:: Dataset ::
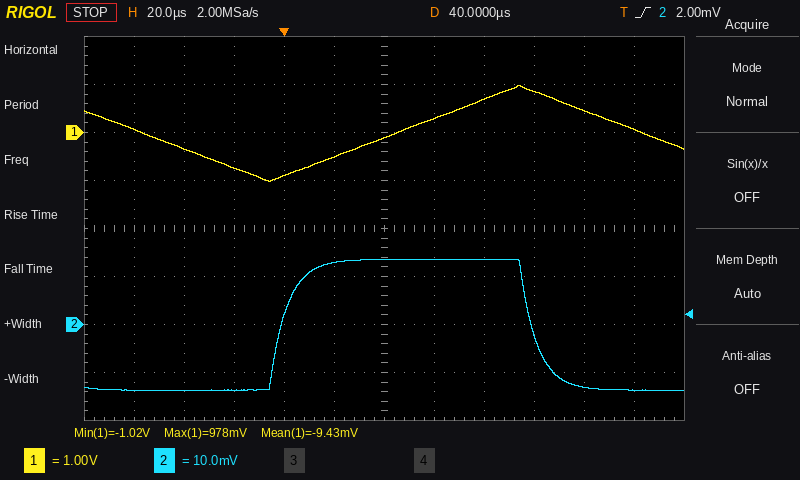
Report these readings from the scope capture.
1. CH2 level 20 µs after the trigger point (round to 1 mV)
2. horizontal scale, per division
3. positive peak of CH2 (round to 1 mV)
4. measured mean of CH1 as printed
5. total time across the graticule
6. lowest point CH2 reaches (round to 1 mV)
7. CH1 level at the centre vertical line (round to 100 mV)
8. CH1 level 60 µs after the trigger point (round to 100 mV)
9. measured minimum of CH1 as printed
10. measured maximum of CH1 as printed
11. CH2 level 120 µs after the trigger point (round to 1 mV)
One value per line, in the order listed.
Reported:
13 mV
20 µs
14 mV
-9.43 mV
240 µs
-14 mV
-100 mV
300 mV
-1.02 V
978 mV
-13 mV
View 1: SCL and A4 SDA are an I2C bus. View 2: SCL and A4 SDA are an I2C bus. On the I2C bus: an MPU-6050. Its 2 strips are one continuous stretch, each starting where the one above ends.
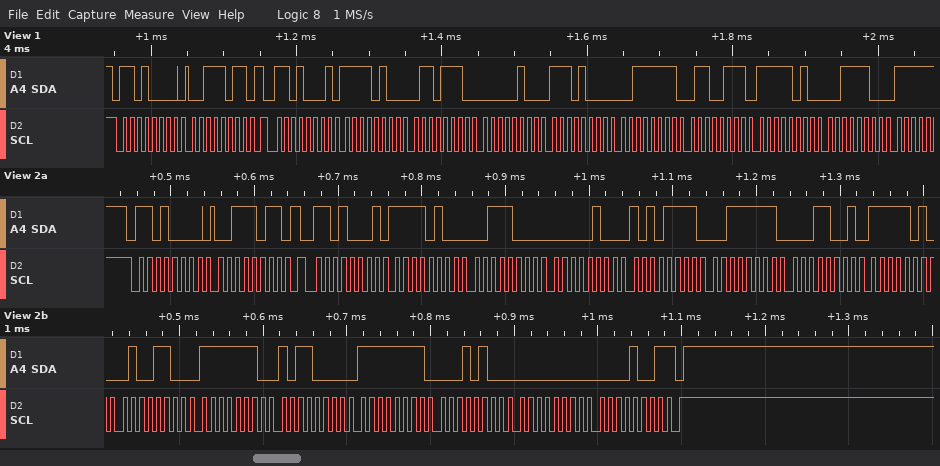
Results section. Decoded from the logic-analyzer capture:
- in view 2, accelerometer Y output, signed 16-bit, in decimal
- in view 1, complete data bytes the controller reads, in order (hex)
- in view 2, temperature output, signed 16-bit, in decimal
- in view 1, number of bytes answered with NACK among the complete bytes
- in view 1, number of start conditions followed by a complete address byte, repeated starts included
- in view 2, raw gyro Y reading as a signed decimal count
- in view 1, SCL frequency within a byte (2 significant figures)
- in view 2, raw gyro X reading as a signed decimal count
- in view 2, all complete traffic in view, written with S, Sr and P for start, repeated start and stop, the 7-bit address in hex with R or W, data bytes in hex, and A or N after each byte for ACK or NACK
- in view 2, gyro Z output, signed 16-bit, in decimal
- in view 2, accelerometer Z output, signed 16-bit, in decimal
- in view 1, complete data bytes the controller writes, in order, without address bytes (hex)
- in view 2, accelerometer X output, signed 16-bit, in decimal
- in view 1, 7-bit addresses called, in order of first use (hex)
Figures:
1199
F4 6E 04 E8 3F 67 FA 3C
-1460
0
2
-236
100 kHz
-336
S 68W A 3B A Sr 68R A F4 A 38 A 04 A AF A 3F A 19 A FA A 4C A FE A B0 A FF A 14 A 00 A 09 N P
9
16153
3B
-3016
0x68
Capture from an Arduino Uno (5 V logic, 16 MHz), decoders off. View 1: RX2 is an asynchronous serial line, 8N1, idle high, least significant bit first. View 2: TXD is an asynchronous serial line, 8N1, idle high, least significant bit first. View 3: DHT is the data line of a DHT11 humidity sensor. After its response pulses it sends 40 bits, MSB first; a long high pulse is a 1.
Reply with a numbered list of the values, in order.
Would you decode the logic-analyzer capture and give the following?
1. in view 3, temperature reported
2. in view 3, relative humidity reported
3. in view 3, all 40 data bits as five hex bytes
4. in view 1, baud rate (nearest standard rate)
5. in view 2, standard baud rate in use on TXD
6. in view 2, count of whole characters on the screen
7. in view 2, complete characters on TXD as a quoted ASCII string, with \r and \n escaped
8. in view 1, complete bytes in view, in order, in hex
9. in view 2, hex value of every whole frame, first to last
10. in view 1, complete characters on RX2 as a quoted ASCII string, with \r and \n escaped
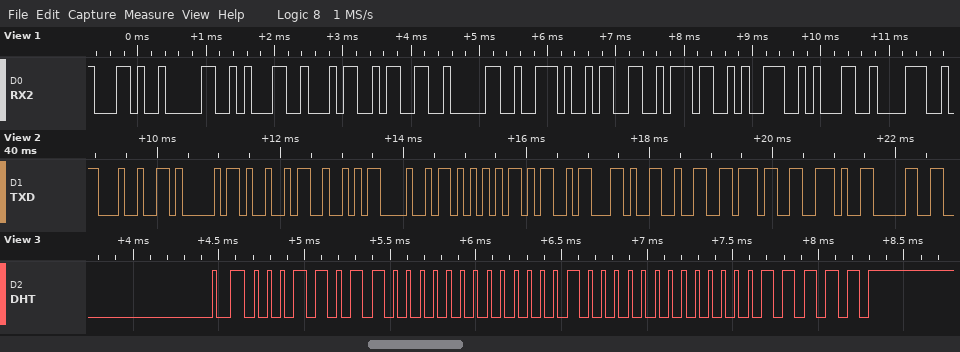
:::
Print the lines from the line with "5. in view 2, standard" to the end of the data above. Include both ends, exclude the pictures, and add nothing else.

5. in view 2, standard baud rate in use on TXD
6. in view 2, count of whole characters on the screen
7. in view 2, complete characters on TXD as a quoted ASCII string, with \r and \n escaped
8. in view 1, complete bytes in view, in order, in hex
9. in view 2, hex value of every whole frame, first to last
10. in view 1, complete characters on RX2 as a quoted ASCII string, with \r and \n escaped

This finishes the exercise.